The musician and activist, 65, said it is moving when he sees young people passionately singing along to his 1986 anthem There Is Power In A Union, which has become an anthem of the trade union movement and is frequently sung on picket lines.

He told BBC Breakfast: “I have a song called Between The Wars, which comes from the miners’ strike period.

“And to be perfectly honest with you, in the early 2000s, I got an impression my audience, when I played it, they were getting a bit nostalgic for Margaret Thatcher and the days of struggle, the miners’ strike and all that and I don’t want to be part of that.

“So I started writing newer songs that were trying to articulate the same kind of ideas, but not being that nostalgic.

Climate change protest
Billy Bragg during a climate change protest in Cambridge (Joe Giddens/PA)

“But weirdly now I have a song from that same period called There’s Power In A Union and when I sing that now I see people in the audience singing it with their fists in the air who couldn’t have been born when I wrote the song.

“But they’re nurses, they’re teachers, they’ve been on the picket line in the last year or so and they’ve probably sung that song and now they’re looking for an artist who talks about those things and there’s not many of us left.

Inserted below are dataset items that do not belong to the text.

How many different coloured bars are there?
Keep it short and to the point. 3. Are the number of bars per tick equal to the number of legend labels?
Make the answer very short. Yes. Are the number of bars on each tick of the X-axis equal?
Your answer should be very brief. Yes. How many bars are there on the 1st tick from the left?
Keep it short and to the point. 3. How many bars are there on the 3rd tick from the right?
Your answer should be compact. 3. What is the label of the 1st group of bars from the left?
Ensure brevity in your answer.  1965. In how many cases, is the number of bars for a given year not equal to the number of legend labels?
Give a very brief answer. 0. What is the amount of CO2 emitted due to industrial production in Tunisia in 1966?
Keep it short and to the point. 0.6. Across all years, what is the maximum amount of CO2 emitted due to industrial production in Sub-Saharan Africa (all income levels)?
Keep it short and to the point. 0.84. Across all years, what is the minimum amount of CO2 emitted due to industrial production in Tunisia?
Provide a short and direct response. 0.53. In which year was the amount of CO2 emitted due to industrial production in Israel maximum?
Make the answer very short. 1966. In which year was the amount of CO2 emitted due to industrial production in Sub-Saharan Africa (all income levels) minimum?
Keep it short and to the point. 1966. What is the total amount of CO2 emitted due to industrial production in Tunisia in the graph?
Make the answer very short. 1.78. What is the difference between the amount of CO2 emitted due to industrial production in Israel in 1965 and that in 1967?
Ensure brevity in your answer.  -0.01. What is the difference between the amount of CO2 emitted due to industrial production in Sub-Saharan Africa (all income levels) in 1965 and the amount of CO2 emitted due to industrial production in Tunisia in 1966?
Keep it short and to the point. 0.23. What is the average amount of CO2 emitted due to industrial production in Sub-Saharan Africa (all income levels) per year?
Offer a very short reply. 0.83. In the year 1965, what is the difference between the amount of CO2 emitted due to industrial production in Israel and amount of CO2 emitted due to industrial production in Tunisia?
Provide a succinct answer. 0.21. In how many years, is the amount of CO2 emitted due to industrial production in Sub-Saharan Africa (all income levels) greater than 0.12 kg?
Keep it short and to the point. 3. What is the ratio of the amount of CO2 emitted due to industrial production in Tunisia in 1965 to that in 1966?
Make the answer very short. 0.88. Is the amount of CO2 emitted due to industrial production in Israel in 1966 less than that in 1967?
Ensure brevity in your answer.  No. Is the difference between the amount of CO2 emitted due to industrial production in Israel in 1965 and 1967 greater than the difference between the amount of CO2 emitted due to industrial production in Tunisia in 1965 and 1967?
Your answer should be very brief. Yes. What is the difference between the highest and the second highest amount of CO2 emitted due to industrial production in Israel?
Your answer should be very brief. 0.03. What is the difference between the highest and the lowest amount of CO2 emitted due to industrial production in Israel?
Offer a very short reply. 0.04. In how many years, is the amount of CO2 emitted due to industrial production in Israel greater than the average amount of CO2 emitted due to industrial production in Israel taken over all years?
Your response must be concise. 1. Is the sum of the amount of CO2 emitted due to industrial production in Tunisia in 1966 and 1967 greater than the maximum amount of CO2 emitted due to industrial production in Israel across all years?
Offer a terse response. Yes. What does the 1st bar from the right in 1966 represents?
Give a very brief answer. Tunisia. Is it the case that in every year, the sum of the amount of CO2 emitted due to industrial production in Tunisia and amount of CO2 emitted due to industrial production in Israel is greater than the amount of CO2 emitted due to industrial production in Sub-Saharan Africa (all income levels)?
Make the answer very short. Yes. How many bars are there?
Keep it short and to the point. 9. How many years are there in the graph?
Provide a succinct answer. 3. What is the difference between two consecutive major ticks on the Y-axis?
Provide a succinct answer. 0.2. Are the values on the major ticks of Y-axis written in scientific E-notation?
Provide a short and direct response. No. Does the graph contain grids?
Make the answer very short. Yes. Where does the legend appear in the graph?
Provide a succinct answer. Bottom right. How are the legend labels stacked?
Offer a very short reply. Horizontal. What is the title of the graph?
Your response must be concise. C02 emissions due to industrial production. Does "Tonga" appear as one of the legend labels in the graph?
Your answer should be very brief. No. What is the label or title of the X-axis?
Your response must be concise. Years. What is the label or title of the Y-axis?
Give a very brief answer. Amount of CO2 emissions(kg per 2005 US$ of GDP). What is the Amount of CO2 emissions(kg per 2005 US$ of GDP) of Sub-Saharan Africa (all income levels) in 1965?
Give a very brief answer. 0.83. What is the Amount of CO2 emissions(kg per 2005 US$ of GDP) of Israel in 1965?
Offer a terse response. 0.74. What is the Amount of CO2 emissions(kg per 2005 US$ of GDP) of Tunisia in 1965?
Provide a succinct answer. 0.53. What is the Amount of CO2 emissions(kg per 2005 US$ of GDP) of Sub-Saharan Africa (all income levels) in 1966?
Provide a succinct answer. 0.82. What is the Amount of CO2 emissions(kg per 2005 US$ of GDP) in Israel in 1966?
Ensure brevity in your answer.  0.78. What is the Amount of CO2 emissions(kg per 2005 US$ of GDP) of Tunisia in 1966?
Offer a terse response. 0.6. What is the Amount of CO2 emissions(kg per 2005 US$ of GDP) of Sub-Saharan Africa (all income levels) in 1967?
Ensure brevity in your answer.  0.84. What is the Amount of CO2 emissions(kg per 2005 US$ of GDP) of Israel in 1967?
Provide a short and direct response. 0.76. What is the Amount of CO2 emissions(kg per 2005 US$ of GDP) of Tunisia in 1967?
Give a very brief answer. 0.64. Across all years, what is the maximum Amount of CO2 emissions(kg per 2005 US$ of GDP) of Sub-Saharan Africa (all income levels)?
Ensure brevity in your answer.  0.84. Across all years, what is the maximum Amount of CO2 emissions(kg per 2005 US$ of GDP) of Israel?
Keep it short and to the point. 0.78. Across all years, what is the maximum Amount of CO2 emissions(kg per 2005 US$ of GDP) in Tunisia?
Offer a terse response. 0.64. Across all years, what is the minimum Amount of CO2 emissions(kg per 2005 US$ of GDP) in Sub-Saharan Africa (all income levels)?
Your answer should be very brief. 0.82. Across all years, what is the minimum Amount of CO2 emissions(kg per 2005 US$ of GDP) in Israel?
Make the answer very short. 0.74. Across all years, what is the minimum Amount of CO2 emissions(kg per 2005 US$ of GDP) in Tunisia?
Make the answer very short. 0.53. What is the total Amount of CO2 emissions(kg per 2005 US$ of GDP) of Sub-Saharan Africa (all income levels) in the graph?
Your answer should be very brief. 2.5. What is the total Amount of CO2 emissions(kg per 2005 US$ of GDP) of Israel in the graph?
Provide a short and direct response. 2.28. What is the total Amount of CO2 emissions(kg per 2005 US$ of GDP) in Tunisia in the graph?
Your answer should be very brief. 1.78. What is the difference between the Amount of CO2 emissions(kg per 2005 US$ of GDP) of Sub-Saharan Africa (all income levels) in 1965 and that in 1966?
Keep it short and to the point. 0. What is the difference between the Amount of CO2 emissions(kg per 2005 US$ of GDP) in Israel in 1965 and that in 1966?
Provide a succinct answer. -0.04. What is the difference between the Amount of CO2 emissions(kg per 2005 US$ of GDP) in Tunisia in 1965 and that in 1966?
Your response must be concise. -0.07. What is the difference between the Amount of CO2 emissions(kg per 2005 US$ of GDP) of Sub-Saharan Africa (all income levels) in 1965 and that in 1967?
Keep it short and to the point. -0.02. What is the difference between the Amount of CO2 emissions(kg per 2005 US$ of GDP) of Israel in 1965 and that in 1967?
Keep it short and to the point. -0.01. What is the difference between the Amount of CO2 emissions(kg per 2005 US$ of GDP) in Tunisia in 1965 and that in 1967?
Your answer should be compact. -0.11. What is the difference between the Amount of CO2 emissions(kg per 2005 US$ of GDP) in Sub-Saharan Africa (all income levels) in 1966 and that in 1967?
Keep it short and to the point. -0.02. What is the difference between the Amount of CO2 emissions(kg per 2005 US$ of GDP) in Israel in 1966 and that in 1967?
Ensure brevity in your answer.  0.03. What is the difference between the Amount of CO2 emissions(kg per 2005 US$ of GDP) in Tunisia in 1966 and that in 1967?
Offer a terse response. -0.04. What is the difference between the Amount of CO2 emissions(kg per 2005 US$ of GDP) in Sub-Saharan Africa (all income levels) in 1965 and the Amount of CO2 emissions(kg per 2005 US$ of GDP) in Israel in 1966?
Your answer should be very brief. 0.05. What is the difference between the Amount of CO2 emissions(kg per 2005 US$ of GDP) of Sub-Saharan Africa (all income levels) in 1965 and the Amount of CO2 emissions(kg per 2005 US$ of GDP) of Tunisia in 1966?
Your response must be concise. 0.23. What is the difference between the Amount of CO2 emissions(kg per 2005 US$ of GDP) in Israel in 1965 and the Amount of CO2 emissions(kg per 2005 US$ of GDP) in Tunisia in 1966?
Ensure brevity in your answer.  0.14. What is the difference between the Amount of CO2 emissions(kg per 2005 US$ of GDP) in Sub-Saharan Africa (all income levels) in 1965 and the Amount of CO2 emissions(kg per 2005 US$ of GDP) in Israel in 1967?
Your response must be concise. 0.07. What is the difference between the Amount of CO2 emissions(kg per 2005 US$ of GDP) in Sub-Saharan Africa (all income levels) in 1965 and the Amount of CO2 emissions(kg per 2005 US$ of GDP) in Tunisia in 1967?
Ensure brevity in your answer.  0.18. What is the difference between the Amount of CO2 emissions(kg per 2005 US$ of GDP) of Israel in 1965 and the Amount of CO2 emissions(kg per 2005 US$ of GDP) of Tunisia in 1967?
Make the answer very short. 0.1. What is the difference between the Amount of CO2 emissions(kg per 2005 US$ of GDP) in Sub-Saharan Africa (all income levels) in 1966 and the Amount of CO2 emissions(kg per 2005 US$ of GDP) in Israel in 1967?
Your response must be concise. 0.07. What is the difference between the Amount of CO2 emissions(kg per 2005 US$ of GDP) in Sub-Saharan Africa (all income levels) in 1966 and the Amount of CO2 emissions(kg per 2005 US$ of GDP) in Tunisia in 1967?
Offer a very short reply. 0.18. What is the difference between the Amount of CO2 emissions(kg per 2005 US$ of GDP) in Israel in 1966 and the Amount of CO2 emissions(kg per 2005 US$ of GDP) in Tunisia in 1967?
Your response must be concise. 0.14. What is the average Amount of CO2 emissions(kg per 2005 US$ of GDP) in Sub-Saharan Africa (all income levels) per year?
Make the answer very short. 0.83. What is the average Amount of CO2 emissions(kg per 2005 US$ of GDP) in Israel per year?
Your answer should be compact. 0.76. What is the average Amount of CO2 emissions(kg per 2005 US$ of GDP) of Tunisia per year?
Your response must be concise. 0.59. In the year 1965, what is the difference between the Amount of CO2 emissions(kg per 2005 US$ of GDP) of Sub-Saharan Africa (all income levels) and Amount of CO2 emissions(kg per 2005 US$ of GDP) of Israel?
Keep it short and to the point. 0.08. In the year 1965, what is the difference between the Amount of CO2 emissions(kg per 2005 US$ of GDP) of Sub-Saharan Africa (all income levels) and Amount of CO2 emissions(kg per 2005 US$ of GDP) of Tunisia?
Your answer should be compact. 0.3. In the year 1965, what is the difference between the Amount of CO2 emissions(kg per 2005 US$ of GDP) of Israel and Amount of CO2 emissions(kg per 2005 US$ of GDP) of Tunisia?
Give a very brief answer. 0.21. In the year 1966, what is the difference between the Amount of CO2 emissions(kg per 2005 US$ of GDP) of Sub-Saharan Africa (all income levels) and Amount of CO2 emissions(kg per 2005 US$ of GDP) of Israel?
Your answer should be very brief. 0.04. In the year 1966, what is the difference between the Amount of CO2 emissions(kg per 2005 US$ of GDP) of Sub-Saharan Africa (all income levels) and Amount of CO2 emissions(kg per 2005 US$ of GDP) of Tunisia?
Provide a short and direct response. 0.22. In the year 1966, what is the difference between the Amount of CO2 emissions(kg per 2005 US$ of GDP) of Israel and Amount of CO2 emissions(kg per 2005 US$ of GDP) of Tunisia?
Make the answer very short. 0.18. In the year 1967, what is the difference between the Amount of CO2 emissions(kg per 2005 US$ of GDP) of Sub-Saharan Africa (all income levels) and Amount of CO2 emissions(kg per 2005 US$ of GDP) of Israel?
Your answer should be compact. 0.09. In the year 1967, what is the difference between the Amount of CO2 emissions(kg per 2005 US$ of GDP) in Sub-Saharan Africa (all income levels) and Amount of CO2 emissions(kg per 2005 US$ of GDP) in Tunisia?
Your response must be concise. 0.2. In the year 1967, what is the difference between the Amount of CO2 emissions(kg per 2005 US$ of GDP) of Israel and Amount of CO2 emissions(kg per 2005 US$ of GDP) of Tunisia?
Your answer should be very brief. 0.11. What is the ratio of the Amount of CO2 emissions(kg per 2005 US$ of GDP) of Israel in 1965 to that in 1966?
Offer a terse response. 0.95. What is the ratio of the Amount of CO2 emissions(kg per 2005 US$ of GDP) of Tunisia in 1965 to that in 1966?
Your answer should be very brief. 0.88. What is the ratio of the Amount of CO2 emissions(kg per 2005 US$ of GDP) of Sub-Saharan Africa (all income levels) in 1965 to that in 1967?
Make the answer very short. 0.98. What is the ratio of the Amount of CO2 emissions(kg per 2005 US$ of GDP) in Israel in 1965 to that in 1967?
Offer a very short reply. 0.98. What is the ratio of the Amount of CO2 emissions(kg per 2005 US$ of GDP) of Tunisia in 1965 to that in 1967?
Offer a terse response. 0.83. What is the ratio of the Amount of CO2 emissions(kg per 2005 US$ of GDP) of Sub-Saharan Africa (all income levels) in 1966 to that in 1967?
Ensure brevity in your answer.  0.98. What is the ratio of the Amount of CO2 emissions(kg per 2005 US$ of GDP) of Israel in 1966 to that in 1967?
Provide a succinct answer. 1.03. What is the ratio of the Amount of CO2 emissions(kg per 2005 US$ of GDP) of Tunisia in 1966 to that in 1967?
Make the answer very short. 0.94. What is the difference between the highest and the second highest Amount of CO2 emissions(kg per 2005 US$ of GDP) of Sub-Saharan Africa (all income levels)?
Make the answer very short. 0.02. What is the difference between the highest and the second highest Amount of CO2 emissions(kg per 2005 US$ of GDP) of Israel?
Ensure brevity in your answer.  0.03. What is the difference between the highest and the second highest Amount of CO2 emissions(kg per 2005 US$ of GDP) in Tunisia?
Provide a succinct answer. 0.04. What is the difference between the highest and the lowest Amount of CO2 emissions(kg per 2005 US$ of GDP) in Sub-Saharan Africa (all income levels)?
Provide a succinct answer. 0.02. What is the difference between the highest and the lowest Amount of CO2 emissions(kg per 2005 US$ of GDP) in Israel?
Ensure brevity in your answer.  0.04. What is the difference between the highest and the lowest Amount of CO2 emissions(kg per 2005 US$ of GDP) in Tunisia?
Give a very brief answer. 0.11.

He added: “It’s not a nostalgic song. It’s not looking back. It’s connecting with something that’s happening now so it really makes me happy when a song can do that.

“So you bring that back into the set. You don’t just put it in there for the old time’s sake, you put it in because it’s relevant.”

The song, from Bragg’s album Talking With The Taxman About Poetry, is set to the tune of George Frederick Root’s Battle Cry Of Freedom.

It is famously used in the final scene of the 2014 film Pride, starring Bill Nighy, Andrew Scott and Imelda Staunton, about LGBT activists who raised money to help families during the miners’ strike.

Bragg continued: “I was never hip, I can’t be pretty any more, even if I’ve still got my own quiff, but I can still be relevant.

“It’s no excuse for someone my age who was active back in the day to not still be relevant, to not still engage with issues that are happening today.”

Bragg is celebrating his 40th anniversary in the music industry with an anniversary album The Roaring Forty 1983-2023.